**What the task requires**
Read through the data, and wherever a line holds the word "perché", write that line out.

+===+

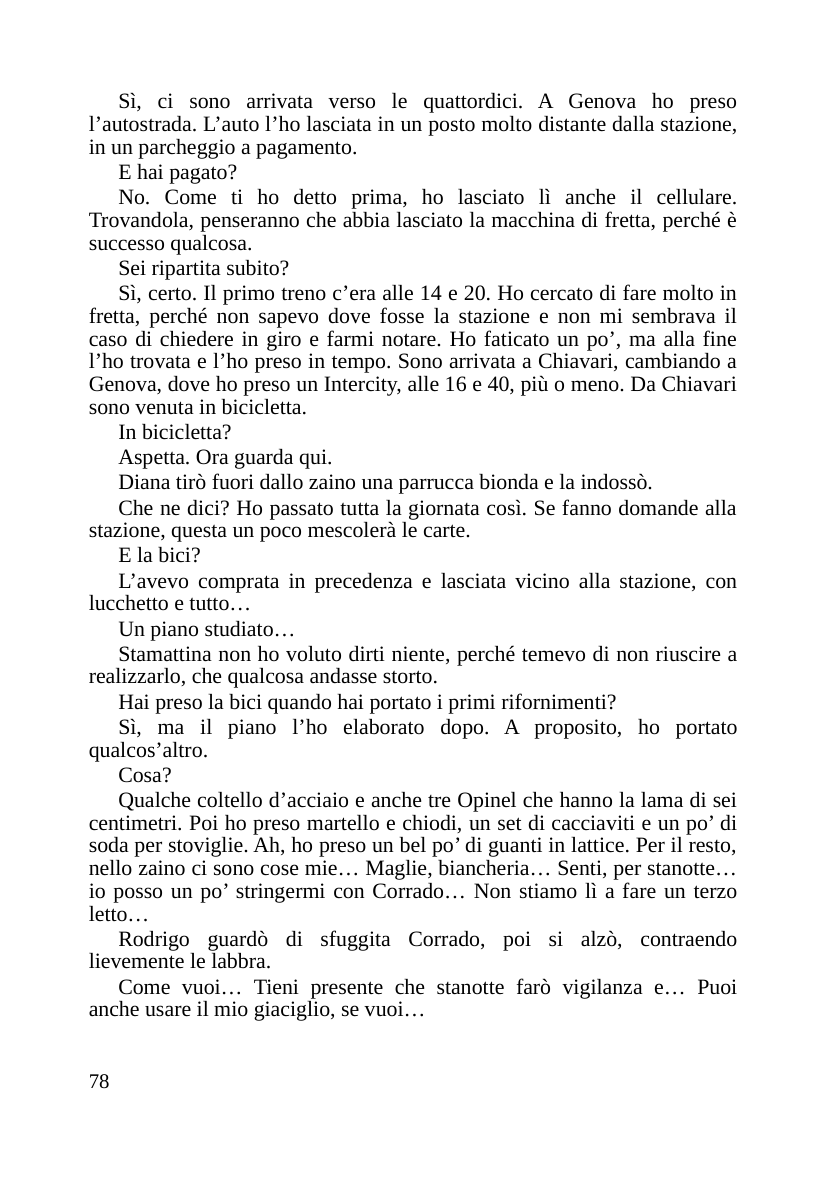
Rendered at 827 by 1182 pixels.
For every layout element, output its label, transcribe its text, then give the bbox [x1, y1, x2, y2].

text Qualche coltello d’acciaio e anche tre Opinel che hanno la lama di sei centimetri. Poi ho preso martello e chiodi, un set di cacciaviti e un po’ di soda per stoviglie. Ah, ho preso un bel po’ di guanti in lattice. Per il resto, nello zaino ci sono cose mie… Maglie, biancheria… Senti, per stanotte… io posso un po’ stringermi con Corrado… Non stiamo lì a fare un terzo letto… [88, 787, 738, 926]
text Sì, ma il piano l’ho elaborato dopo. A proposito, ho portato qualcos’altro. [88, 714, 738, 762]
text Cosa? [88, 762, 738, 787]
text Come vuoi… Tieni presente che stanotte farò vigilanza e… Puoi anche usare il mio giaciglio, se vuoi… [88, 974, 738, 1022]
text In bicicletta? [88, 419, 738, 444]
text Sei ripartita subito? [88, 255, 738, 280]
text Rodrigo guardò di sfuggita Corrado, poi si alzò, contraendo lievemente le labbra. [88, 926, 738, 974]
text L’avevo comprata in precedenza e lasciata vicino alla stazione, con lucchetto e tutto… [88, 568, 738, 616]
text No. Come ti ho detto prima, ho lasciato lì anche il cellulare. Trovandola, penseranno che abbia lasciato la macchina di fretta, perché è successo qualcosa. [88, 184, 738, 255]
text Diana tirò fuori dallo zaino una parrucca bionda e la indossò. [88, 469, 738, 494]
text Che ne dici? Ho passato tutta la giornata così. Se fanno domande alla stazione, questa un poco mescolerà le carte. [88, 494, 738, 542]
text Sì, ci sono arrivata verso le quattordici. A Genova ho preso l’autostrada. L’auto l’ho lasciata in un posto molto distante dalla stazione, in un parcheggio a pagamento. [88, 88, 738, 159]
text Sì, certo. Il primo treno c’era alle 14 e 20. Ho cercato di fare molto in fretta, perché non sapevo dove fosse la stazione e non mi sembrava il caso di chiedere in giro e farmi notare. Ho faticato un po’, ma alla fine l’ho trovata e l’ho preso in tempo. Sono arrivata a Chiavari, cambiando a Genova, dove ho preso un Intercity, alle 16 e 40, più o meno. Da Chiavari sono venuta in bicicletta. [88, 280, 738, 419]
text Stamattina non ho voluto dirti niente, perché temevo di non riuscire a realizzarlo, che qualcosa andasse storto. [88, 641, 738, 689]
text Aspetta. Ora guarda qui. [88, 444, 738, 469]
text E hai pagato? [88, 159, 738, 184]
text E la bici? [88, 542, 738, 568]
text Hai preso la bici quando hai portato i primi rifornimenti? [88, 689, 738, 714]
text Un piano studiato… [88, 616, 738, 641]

+===+

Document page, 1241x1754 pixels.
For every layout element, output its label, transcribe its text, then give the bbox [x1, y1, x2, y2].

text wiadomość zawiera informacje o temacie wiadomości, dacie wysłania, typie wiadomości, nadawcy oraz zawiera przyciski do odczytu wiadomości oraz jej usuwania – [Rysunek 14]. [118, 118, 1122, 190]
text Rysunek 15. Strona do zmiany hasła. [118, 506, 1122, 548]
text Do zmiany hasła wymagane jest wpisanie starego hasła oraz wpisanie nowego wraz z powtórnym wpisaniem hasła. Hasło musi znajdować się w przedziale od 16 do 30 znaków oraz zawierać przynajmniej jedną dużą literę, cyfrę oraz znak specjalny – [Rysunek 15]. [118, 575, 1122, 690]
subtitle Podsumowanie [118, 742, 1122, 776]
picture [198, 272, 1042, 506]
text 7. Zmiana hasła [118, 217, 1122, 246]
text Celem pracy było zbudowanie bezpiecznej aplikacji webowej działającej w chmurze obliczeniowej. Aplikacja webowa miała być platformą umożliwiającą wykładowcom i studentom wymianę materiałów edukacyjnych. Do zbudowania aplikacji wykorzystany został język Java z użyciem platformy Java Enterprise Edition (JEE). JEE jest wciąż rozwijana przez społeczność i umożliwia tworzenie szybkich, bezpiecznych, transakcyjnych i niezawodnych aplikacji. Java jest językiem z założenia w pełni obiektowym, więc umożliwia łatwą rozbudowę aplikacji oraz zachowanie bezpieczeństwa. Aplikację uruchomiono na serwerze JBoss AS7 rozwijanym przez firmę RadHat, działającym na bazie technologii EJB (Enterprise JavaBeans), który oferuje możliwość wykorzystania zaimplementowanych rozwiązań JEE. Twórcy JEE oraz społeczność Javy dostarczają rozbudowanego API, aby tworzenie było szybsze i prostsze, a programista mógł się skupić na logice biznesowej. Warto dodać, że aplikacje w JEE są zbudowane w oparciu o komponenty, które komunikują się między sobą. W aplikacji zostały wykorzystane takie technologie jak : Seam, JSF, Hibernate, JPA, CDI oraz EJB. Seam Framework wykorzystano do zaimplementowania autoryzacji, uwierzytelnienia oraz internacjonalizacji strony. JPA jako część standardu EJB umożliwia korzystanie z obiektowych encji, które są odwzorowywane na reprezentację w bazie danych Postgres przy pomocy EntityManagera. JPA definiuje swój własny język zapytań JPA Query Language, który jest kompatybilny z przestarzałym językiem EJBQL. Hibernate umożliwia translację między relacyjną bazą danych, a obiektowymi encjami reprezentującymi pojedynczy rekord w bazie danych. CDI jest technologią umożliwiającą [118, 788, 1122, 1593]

+===+

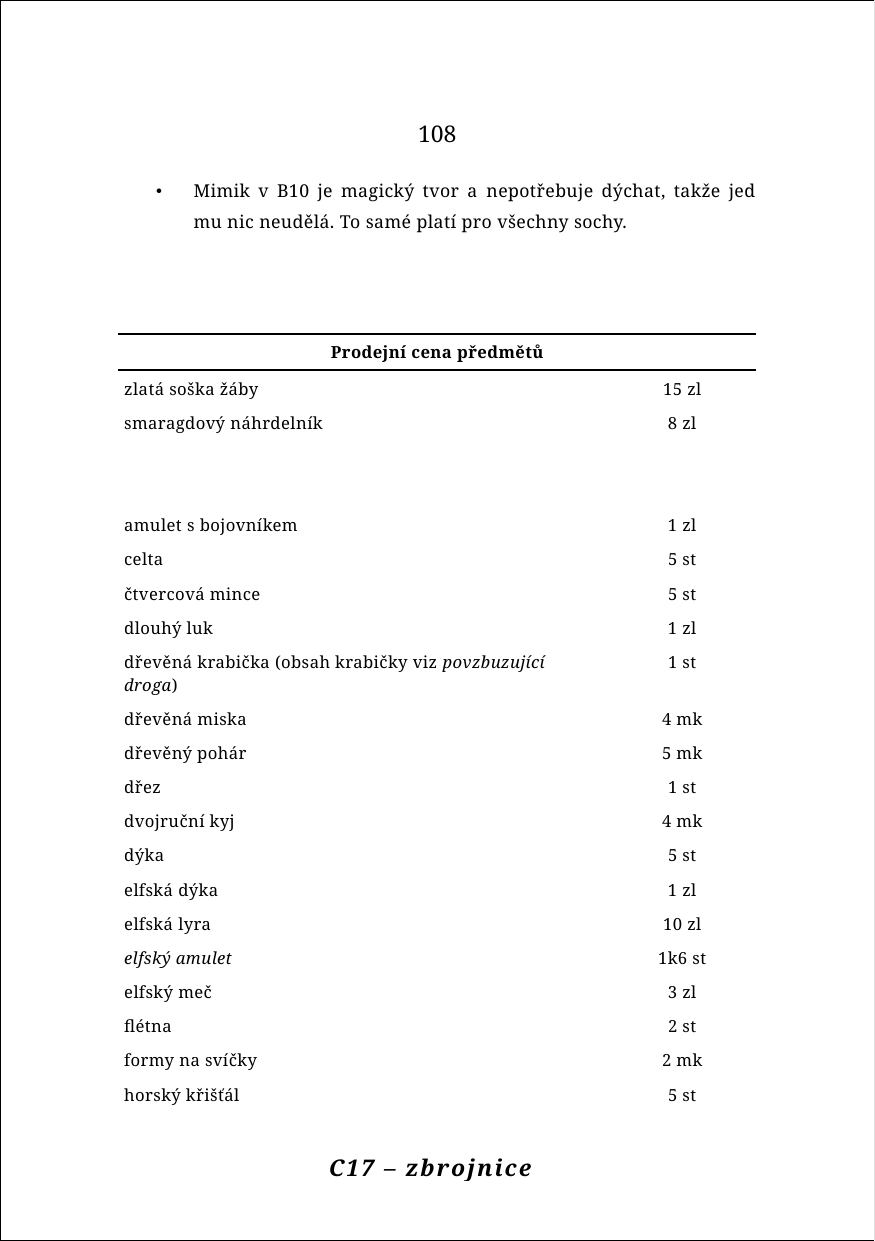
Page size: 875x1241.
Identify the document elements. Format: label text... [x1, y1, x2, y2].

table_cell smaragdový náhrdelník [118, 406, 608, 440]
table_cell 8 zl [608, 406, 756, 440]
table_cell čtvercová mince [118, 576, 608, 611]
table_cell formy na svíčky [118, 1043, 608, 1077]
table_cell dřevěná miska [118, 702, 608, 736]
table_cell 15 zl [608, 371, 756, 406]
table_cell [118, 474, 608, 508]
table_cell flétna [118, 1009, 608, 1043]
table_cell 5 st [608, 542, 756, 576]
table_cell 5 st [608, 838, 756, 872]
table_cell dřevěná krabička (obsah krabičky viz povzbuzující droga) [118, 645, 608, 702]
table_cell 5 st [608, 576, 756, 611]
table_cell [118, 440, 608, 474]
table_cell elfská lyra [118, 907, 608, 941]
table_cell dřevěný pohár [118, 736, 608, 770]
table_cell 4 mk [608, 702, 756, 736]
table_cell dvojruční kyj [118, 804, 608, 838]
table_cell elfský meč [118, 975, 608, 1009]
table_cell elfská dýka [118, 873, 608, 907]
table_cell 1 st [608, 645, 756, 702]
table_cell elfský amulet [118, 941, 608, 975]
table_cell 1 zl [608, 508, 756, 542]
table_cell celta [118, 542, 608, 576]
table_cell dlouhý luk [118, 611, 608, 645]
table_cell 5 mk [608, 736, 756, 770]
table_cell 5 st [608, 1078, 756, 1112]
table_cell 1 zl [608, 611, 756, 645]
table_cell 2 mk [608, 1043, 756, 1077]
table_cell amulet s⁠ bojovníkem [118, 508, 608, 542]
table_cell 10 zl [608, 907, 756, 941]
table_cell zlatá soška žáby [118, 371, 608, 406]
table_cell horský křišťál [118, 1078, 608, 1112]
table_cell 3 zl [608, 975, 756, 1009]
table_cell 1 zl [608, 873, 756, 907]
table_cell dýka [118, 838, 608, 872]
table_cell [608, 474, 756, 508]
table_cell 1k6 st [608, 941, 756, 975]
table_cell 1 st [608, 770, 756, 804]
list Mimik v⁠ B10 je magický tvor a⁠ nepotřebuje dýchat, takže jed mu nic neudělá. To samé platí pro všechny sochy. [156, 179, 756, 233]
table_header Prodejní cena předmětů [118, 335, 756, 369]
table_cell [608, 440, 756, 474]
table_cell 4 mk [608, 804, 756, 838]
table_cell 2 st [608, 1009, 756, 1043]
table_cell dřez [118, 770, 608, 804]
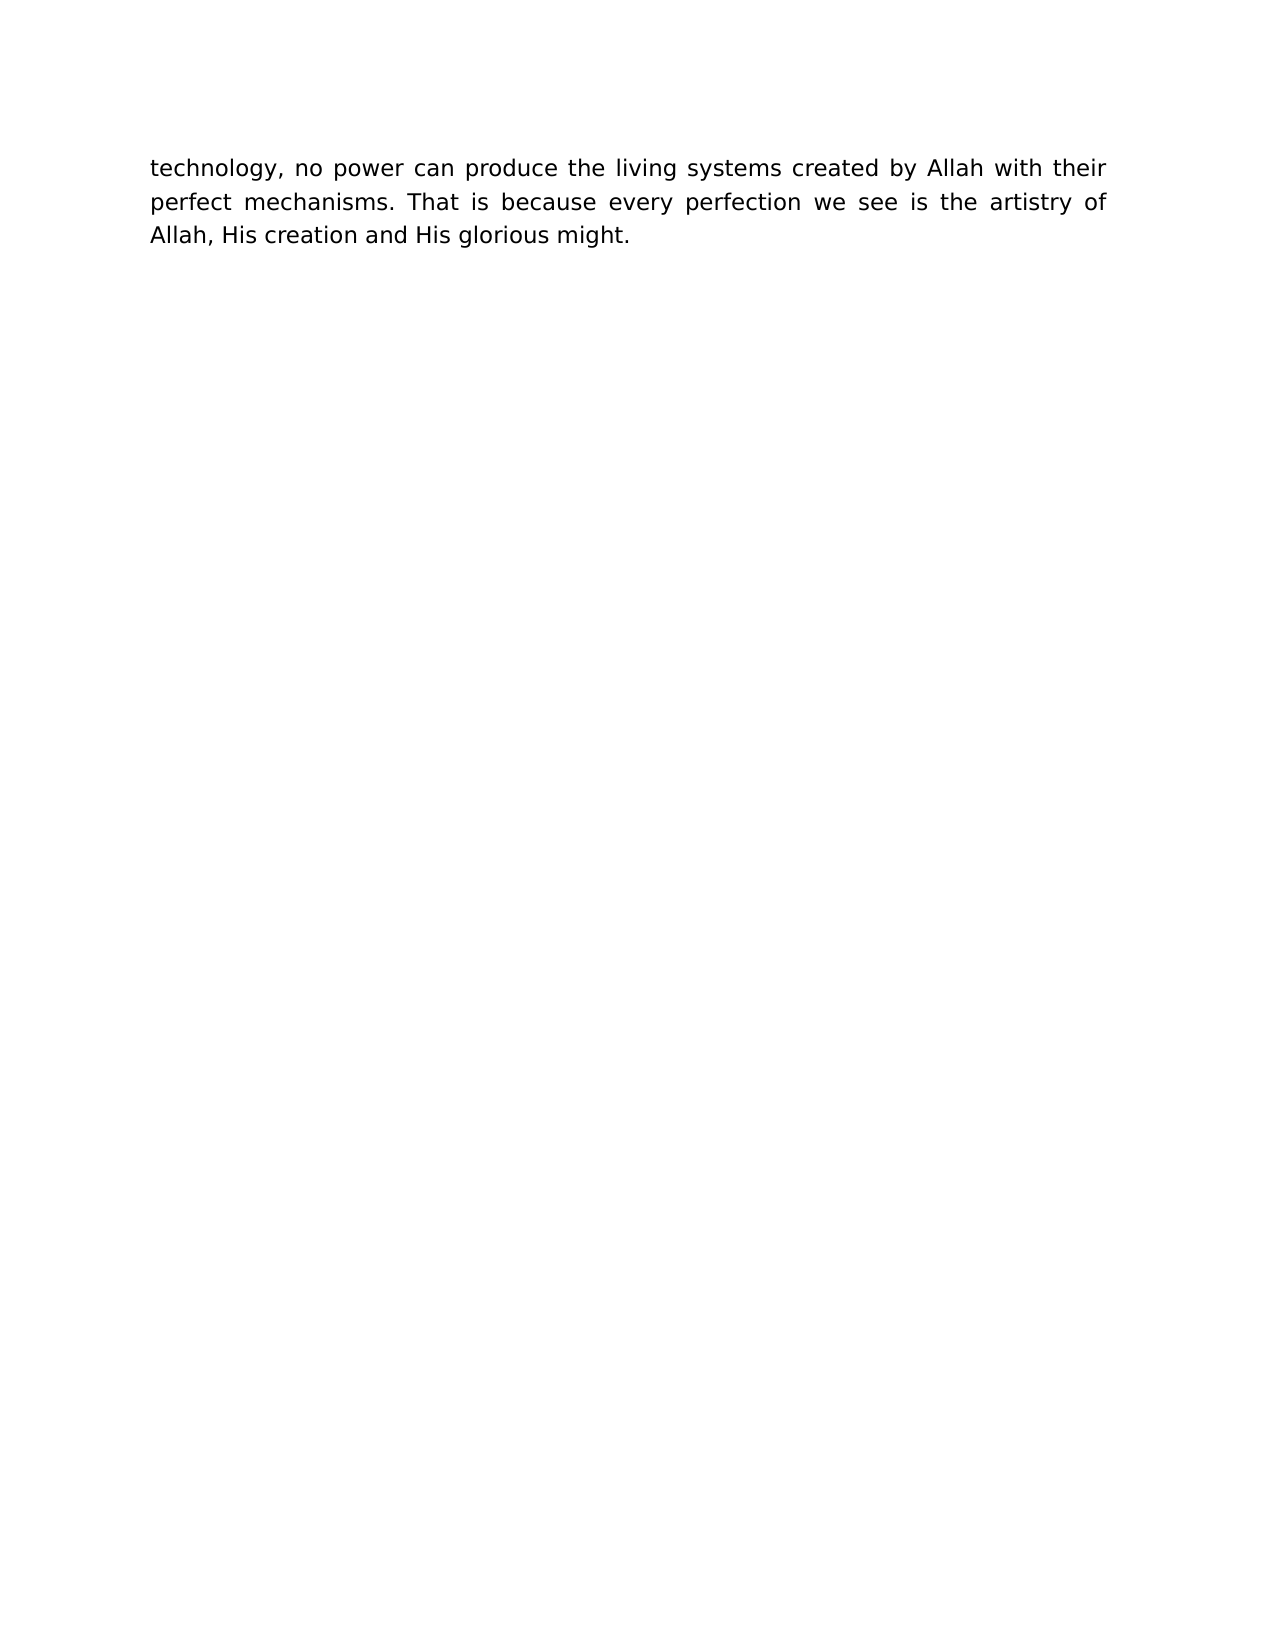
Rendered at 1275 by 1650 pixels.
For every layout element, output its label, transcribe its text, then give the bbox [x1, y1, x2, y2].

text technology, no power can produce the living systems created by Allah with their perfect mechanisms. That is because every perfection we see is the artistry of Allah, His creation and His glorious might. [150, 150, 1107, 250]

+===+

**Output of the task**
text No. Come ti ho detto prima, ho lasciato lì anche il cellulare. Trovandola, penseranno che abbia lasciato la macchina di fretta, perché è successo qualcosa. [88, 184, 738, 255]
text Sì, certo. Il primo treno c’era alle 14 e 20. Ho cercato di fare molto in fretta, perché non sapevo dove fosse la stazione e non mi sembrava il caso di chiedere in giro e farmi notare. Ho faticato un po’, ma alla fine l’ho trovata e l’ho preso in tempo. Sono arrivata a Chiavari, cambiando a Genova, dove ho preso un Intercity, alle 16 e 40, più o meno. Da Chiavari sono venuta in bicicletta. [88, 280, 738, 419]
text Stamattina non ho voluto dirti niente, perché temevo di non riuscire a realizzarlo, che qualcosa andasse storto. [88, 641, 738, 689]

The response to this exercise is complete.